DESCRIPTION OF THE TASK:
Your answer should be the lines from the start of the records through the line with "#34 sign from (607, 17) to (609, 42)", copied word for word.

────────────────

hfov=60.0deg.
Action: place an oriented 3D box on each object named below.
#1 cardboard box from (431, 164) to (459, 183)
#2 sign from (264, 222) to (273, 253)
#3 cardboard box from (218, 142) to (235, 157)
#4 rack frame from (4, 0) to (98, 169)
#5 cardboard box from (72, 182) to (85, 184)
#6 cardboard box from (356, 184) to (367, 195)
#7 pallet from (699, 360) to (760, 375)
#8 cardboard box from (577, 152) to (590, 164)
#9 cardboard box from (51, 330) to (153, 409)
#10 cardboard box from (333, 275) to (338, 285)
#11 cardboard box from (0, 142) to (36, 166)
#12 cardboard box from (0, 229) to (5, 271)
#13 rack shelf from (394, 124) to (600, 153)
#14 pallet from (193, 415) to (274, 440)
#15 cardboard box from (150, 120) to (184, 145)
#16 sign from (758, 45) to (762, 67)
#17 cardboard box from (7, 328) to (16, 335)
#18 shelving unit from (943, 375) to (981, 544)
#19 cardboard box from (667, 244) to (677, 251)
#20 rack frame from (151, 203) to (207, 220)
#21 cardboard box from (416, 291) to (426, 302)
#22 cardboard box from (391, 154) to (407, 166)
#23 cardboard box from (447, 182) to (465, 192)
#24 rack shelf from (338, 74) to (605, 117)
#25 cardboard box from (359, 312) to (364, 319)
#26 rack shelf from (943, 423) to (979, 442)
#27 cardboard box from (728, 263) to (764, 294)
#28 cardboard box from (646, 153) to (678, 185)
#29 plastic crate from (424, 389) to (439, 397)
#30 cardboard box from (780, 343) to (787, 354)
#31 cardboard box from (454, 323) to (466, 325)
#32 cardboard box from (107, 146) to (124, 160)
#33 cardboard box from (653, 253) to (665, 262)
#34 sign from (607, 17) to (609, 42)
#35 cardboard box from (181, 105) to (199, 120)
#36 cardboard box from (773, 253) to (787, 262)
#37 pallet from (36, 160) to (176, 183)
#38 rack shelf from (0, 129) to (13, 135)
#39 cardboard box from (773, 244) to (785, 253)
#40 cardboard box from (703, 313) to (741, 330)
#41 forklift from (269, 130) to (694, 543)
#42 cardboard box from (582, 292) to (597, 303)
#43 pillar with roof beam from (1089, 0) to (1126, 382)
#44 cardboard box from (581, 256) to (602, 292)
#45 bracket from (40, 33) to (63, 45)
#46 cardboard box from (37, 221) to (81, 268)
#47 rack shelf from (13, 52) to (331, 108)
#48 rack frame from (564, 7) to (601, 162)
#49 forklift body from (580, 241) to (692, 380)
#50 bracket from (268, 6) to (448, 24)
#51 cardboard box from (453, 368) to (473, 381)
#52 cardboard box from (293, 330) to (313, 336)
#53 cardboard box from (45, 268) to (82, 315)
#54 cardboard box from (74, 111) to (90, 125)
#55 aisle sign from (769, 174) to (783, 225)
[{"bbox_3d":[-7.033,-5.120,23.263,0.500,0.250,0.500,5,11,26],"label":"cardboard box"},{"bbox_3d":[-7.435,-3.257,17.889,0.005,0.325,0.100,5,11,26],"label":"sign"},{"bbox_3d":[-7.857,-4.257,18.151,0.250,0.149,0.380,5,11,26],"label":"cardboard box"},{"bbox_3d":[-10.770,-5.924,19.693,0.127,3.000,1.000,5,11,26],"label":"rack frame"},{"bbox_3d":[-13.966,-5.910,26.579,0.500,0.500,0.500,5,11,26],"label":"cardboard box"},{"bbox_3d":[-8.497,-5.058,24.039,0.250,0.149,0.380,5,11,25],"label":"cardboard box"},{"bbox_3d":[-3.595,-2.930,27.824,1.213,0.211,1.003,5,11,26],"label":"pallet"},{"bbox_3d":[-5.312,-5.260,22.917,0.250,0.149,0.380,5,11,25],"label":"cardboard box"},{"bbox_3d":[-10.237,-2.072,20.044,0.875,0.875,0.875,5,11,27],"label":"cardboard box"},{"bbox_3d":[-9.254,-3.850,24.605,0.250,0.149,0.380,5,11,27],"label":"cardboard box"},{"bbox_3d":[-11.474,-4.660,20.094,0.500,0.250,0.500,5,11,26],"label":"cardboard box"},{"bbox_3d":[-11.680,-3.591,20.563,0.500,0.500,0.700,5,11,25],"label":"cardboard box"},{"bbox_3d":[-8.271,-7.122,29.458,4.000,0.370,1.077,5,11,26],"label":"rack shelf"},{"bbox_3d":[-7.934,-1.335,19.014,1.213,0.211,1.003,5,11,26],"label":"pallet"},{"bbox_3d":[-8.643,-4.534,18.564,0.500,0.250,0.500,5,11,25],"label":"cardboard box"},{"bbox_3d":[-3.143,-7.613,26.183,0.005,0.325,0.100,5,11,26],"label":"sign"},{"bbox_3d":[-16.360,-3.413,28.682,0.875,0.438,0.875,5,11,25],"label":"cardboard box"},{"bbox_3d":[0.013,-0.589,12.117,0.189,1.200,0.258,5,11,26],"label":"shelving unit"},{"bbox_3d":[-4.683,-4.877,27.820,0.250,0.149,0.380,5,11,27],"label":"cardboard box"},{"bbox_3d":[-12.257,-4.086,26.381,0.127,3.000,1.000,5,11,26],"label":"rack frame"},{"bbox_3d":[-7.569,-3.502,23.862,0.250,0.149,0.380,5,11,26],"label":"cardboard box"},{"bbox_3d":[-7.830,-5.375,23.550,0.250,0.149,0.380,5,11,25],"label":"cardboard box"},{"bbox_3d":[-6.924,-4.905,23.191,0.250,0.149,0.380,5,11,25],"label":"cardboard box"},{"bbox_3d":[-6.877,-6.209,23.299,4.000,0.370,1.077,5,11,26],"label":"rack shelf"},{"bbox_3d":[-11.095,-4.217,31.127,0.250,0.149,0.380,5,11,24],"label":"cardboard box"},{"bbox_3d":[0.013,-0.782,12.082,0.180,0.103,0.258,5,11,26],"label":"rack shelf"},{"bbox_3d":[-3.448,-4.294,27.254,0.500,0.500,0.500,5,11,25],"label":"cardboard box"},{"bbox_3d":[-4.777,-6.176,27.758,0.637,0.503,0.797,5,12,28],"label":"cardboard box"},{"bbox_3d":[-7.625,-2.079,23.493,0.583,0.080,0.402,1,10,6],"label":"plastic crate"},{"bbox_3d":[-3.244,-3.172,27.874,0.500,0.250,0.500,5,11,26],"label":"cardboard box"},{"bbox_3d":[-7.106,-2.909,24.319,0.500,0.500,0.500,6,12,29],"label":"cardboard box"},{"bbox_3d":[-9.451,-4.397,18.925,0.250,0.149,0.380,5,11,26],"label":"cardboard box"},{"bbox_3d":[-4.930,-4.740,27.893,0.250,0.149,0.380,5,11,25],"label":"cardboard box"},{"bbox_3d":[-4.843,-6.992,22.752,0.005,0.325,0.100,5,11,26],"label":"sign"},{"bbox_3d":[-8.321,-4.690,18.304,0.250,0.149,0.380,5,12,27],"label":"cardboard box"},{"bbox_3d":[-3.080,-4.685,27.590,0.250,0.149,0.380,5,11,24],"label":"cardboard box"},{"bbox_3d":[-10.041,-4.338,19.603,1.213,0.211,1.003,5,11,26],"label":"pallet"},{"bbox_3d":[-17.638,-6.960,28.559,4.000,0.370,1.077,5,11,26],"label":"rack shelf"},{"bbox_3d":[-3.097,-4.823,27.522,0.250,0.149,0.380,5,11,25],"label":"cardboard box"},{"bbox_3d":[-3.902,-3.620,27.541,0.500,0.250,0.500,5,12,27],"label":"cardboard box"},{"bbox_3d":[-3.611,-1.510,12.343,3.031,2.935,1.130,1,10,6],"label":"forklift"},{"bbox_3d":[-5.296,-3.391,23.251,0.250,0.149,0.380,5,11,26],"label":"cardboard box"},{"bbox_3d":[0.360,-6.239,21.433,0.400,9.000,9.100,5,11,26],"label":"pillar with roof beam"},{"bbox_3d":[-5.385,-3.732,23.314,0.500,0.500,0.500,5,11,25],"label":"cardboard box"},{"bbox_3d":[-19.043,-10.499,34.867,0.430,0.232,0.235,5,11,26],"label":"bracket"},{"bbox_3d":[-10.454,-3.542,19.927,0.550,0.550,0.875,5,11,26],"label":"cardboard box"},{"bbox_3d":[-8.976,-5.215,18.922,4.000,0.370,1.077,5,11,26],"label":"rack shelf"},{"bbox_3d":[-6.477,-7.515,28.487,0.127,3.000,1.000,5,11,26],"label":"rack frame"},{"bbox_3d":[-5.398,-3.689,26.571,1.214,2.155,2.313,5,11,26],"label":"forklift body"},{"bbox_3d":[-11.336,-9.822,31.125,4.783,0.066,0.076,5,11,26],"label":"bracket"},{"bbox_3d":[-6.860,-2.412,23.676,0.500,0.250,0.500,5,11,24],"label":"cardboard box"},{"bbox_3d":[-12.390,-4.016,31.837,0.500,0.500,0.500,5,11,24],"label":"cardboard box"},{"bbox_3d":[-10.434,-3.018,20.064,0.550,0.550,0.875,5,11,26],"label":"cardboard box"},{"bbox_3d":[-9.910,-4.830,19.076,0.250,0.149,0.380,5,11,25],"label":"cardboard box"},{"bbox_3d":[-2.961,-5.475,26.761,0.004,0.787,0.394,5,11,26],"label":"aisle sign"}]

────────────────

REPLY:
hfov=60.0deg.
Action: place an oriented 3D box on each object named below.
#1 cardboard box from (431, 164) to (459, 183)
#2 sign from (264, 222) to (273, 253)
#3 cardboard box from (218, 142) to (235, 157)
#4 rack frame from (4, 0) to (98, 169)
#5 cardboard box from (72, 182) to (85, 184)
#6 cardboard box from (356, 184) to (367, 195)
#7 pallet from (699, 360) to (760, 375)
#8 cardboard box from (577, 152) to (590, 164)
#9 cardboard box from (51, 330) to (153, 409)
#10 cardboard box from (333, 275) to (338, 285)
#11 cardboard box from (0, 142) to (36, 166)
#12 cardboard box from (0, 229) to (5, 271)
#13 rack shelf from (394, 124) to (600, 153)
#14 pallet from (193, 415) to (274, 440)
#15 cardboard box from (150, 120) to (184, 145)
#16 sign from (758, 45) to (762, 67)
#17 cardboard box from (7, 328) to (16, 335)
#18 shelving unit from (943, 375) to (981, 544)
#19 cardboard box from (667, 244) to (677, 251)
#20 rack frame from (151, 203) to (207, 220)
#21 cardboard box from (416, 291) to (426, 302)
#22 cardboard box from (391, 154) to (407, 166)
#23 cardboard box from (447, 182) to (465, 192)
#24 rack shelf from (338, 74) to (605, 117)
#25 cardboard box from (359, 312) to (364, 319)
#26 rack shelf from (943, 423) to (979, 442)
#27 cardboard box from (728, 263) to (764, 294)
#28 cardboard box from (646, 153) to (678, 185)
#29 plastic crate from (424, 389) to (439, 397)
#30 cardboard box from (780, 343) to (787, 354)
#31 cardboard box from (454, 323) to (466, 325)
#32 cardboard box from (107, 146) to (124, 160)
#33 cardboard box from (653, 253) to (665, 262)
#34 sign from (607, 17) to (609, 42)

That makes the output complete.